For this synthesis, I used a grid resolution of 128x128x128(=2097152).
def infinite_synthesis(
sdf_decoder: SDFdecoder,
save_dir: str,
synthesis_count: int = np.inf,
resolution: int = 128,
map_z_to_y: bool = True,
check_watertight: bool = True,
):
synthesizer = Synthesizer()
synthesized_latent_codes_npz = "infinite_synthesized_latent_codes.npz"
synthesized_latent_codes_path = os.path.join(save_dir, synthesized_latent_codes_npz)
os.makedirs(save_dir, exist_ok=True)
synthesized_latent_codes = {
"data": [
{
"name": i,
"index": i,
"synthesis_type": "initial",
"latent_code": list(latent_code.detach().cpu().numpy()),
}
for i, latent_code in enumerate(sdf_decoder.latent_codes)
]
}
if os.path.exists(synthesized_latent_codes_path):
synthesized_latent_codes = {
"data": list(np.load(synthesized_latent_codes_path, allow_pickle=True)["synthesized_data"])
}
while len(synthesized_latent_codes["data"]) < synthesis_count:
print("synthesized data length:", len(synthesized_latent_codes["data"]))

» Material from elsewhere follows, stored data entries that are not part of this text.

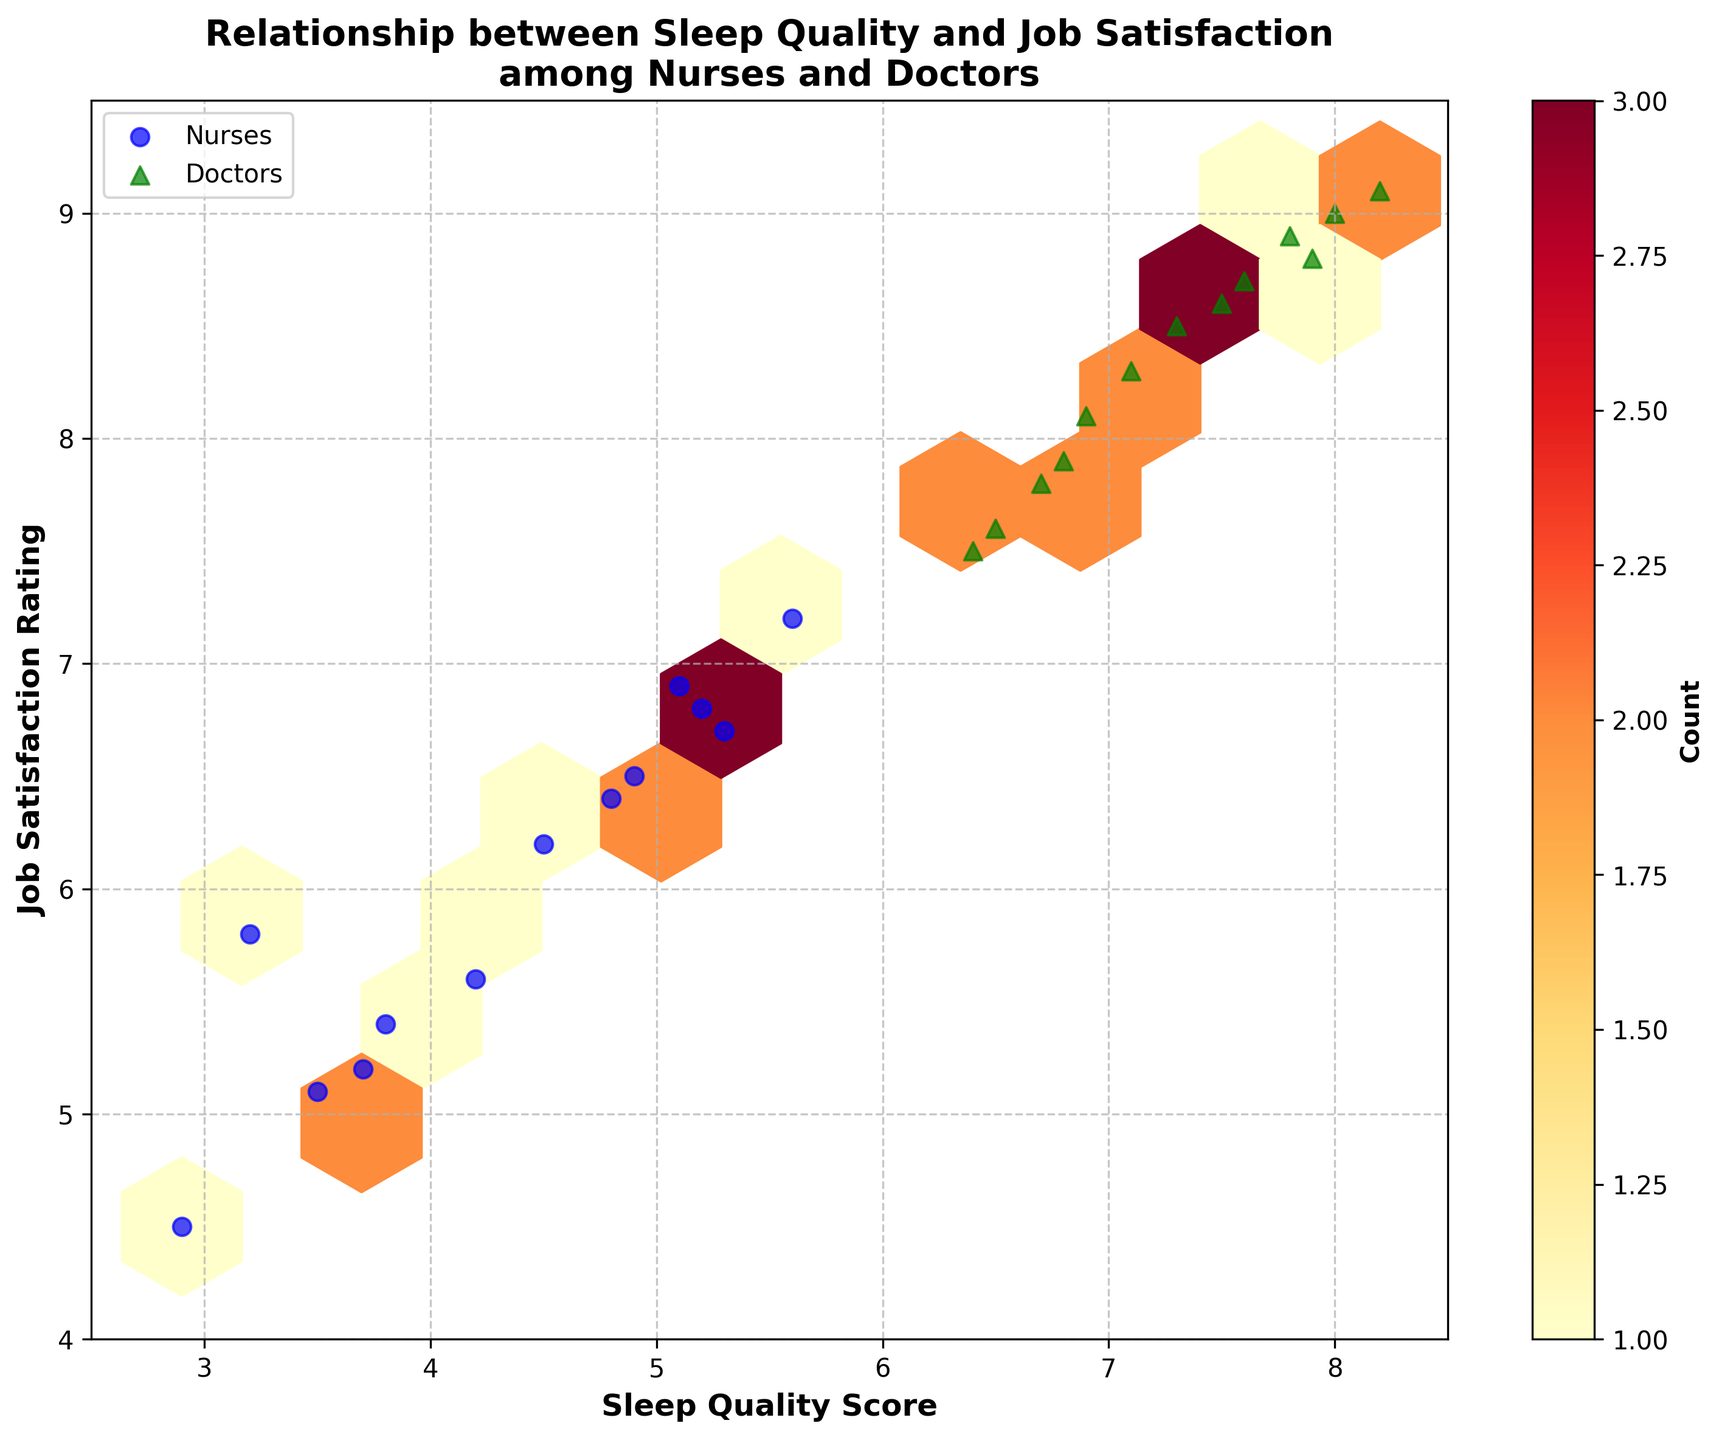What is the title of the plot? The title is located at the top of the plot and is designed to give a clear indication of what the figure is about.
Answer: Relationship between Sleep Quality and Job Satisfaction among Nurses and Doctors What do the colors in the hexagon bin represent? The color intensity in a hexagon bin represents the count of data points that fall within that bin. A color bar on the right side of the plot shows this mapping.
Answer: Count How many unique professions are represented in the scatter plot? We can identify the professions by looking at the legend at the bottom of the plot that lists the different marker styles and their corresponding professions.
Answer: 2 Which profession is represented by the green triangles? By referring to the legend in the plot, we can see that green triangles are designated for a specific profession.
Answer: Doctors In general, do doctors or nurses appear to have higher job satisfaction ratings relative to sleep quality scores? Observing the scatter plot, doctors (green triangles) tend to have higher sleep quality scores and job satisfaction ratings compared to nurses (blue circles).
Answer: Doctors What is the range of sleep quality scores represented in the plot? By examining the x-axis, we can see the minimum and maximum values for sleep quality scores plotted in the figure.
Answer: 2.5 to 8.5 What is the median sleep quality score for the data points? To find the median, we first list the sleep quality scores in order: 2.9, 3.2, 3.5, 3.7, 3.8, 4.2, 4.5, 4.8, 4.9, 5.1, 5.2, 5.3, 5.6, 6.4, 6.5, 6.7, 6.8, 6.9, 7.1, 7.3, 7.5, 7.6, 7.8, 7.9, 8.0, 8.2. The middle value(s) here are 5.3 and 5.6, so the median is the average of these two: (5.3 + 5.6) / 2.
Answer: 5.45 What grid size was used for the hexbin plot? The grid size value is not directly depicted in the plot. However, it's mentioned in the provided code that a grid size of 10 was used to create the hexbin plot.
Answer: 10 Which cluster type specific region in the hexbin plot has the highest concentration of data points? According to the color intensity within the hexagon bins and the color bar, the bin with the highest concentration is the darkest one.
Answer: Bin with highest intensity If we categorized sleep quality scores above 6 as "high" and those 6 or below as "low," which category would have a higher job satisfaction score based on the scatter plot? Upon inspection, data points with sleep quality scores higher than 6 (typically doctors) also correlate with job satisfaction scores that are higher.
Answer: High

if random.Random(time.time()).random() < 0.5:
selected_indices, synthesized_latent_code = synthesizer.random_arithmetic_operations_synthesis(
sdf_decoder=sdf_decoder, latent_codes_data=synthesized_latent_codes
)
synthesis_type = "arithmetic"
name = f"{selected_indices}.obj"
save_name = os.path.join(save_dir, name)
else:
(
selected_indices,
random_interpolation_factor,
synthesized_latent_code,
) = synthesizer.random_interpolation_synthesis(
sdf_decoder=sdf_decoder, latent_codes_data=synthesized_latent_codes
)
synthesis_type = "interpolation"
name = f"{selected_indices}__{str(random_interpolation_factor).replace('.', '-')}.obj"

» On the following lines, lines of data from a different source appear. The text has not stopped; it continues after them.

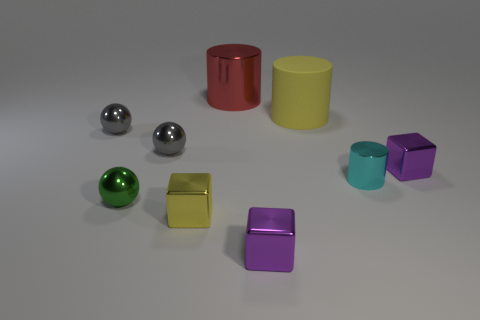What number of metallic objects are balls or small purple blocks?
Offer a terse response. 5. The purple object to the left of the purple object right of the cyan cylinder is what shape?
Provide a succinct answer. Cube. Do the purple cube behind the small cyan cylinder and the purple thing in front of the small cyan cylinder have the same material?
Offer a very short reply. Yes. There is a purple shiny thing that is behind the cyan shiny thing; what number of cylinders are behind it?
Make the answer very short. 2. Does the yellow object that is behind the yellow metal cube have the same shape as the red object to the right of the tiny yellow metal cube?
Provide a short and direct response. Yes. There is a cylinder that is both right of the big red cylinder and to the left of the tiny metallic cylinder; what size is it?
Your answer should be compact. Large. There is a small shiny object that is the same shape as the big yellow object; what color is it?
Provide a short and direct response. Cyan. What is the color of the shiny sphere that is in front of the purple thing behind the tiny yellow metallic cube?
Provide a short and direct response. Green. The tiny cyan thing is what shape?
Offer a terse response. Cylinder. The tiny metal thing that is behind the cyan thing and on the right side of the matte cylinder has what shape?
Provide a short and direct response. Cube. 
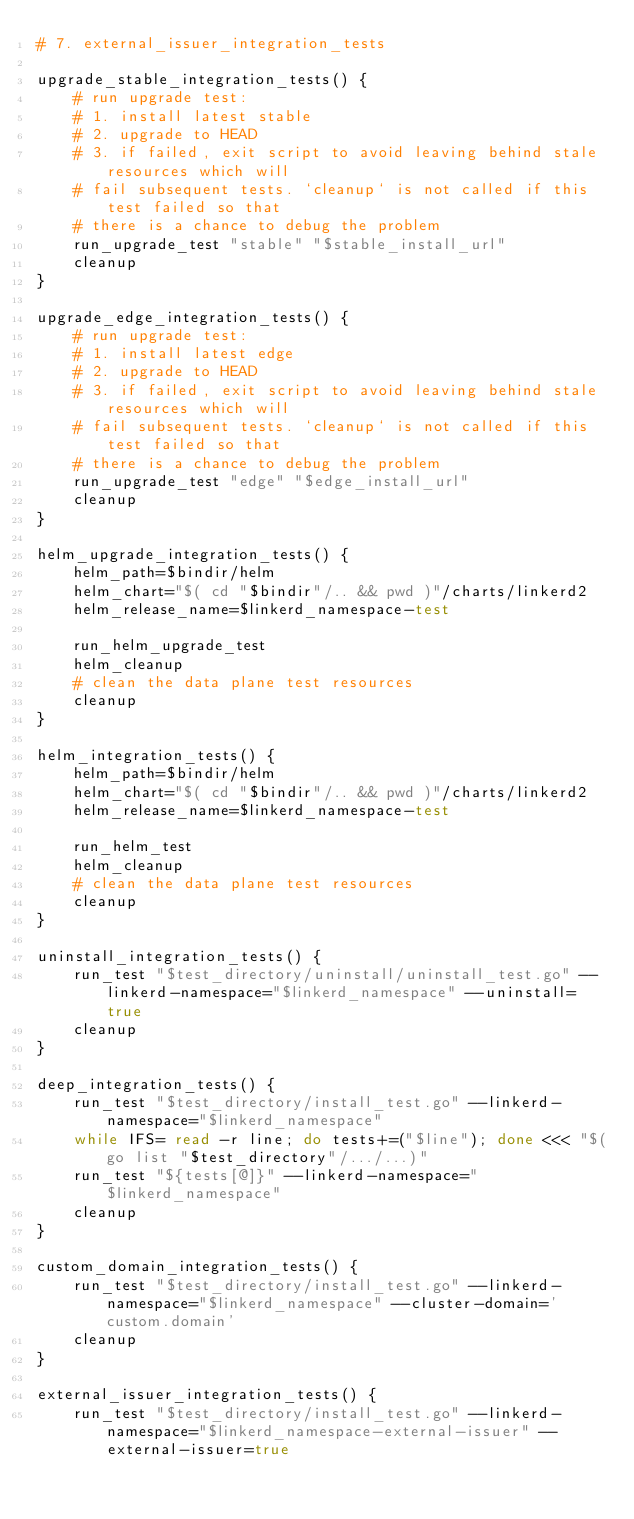<code> <loc_0><loc_0><loc_500><loc_500><_Bash_># 7. external_issuer_integration_tests

upgrade_stable_integration_tests() {
    # run upgrade test:
    # 1. install latest stable
    # 2. upgrade to HEAD
    # 3. if failed, exit script to avoid leaving behind stale resources which will
    # fail subsequent tests. `cleanup` is not called if this test failed so that
    # there is a chance to debug the problem
    run_upgrade_test "stable" "$stable_install_url"
    cleanup
}

upgrade_edge_integration_tests() {
    # run upgrade test:
    # 1. install latest edge
    # 2. upgrade to HEAD
    # 3. if failed, exit script to avoid leaving behind stale resources which will
    # fail subsequent tests. `cleanup` is not called if this test failed so that
    # there is a chance to debug the problem
    run_upgrade_test "edge" "$edge_install_url"
    cleanup
}

helm_upgrade_integration_tests() {
    helm_path=$bindir/helm
    helm_chart="$( cd "$bindir"/.. && pwd )"/charts/linkerd2
    helm_release_name=$linkerd_namespace-test

    run_helm_upgrade_test
    helm_cleanup
    # clean the data plane test resources
    cleanup
}

helm_integration_tests() {
    helm_path=$bindir/helm
    helm_chart="$( cd "$bindir"/.. && pwd )"/charts/linkerd2
    helm_release_name=$linkerd_namespace-test

    run_helm_test
    helm_cleanup
    # clean the data plane test resources
    cleanup
}

uninstall_integration_tests() {
    run_test "$test_directory/uninstall/uninstall_test.go" --linkerd-namespace="$linkerd_namespace" --uninstall=true
    cleanup
}

deep_integration_tests() {
    run_test "$test_directory/install_test.go" --linkerd-namespace="$linkerd_namespace"
    while IFS= read -r line; do tests+=("$line"); done <<< "$(go list "$test_directory"/.../...)"
    run_test "${tests[@]}" --linkerd-namespace="$linkerd_namespace"
    cleanup
}

custom_domain_integration_tests() {
    run_test "$test_directory/install_test.go" --linkerd-namespace="$linkerd_namespace" --cluster-domain='custom.domain'
    cleanup
}

external_issuer_integration_tests() {
    run_test "$test_directory/install_test.go" --linkerd-namespace="$linkerd_namespace-external-issuer" --external-issuer=true</code> 
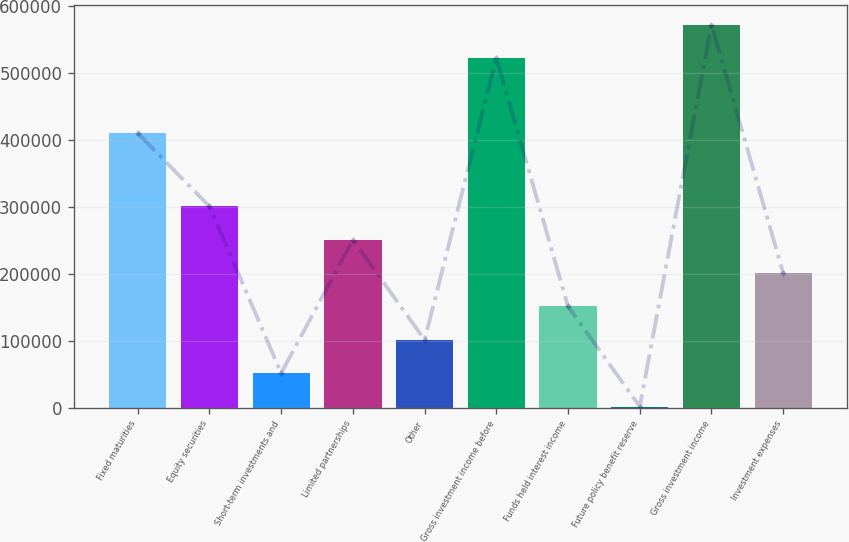Convert chart to OTSL. <chart><loc_0><loc_0><loc_500><loc_500><bar_chart><fcel>Fixed maturities<fcel>Equity securities<fcel>Short-term investments and<fcel>Limited partnerships<fcel>Other<fcel>Gross investment income before<fcel>Funds held interest income<fcel>Future policy benefit reserve<fcel>Gross investment income<fcel>Investment expenses<nl><fcel>410337<fcel>300972<fcel>51522.9<fcel>251082<fcel>101413<fcel>522975<fcel>151303<fcel>1633<fcel>572865<fcel>201193<nl></chart>

save_name = os.path.join(save_dir, name)
if os.path.exists(save_name):
continue
_ = synthesizer.synthesize(
sdf_decoder=sdf_decoder,
latent_code=synthesized_latent_code,
resolution=resolution,
save_name=save_name,
map_z_to_y=map_z_to_y,
check_watertight=check_watertight,
)
synthesized_data = {
"name": name,
"index": len(synthesized_latent_codes["data"]),
"synthesis_type": synthesis_type,
"latent_code": list(synthesized_latent_code.detach().cpu().numpy()),
}
synthesized_latent_codes["data"].append(synthesized_data)
np.savez(
synthesized_latent_codes_path,
synthesized_data=np.array(synthesized_latent_codes["data"]),
)
clear_output(wait=False)
From 15 skyscrapers to 450 skyscrapers
The first row, illustrated as rectangles, shows the initial 15 skyscrapers
Tracking synthesized data
Limitations and future works
While the project demonstrates the potential of Deep Generative AI for synthesizing skyscraper designs, it is not without its limitations.
The following points therefore require improvement:
-
Design Evaluation: Although the model can synthesize skyscraper designs, it currently lacks the capability to automatically evaluate the quality of these designs.
-
Detail Expression: One of the significant limitations of the current model is its inability to capture the intricate details of the skyscraper models accurately.
-
Computational Resources: The process of training the model, especially at high resolutions for detailed synthesis, requires substantial computational power and time.
-
Interactive Design Tools: Developing interactive tools that allow architects to manipulate latent vectors directly or specify constraints and preferences could make the technology more practical and appealing for real-world design applications.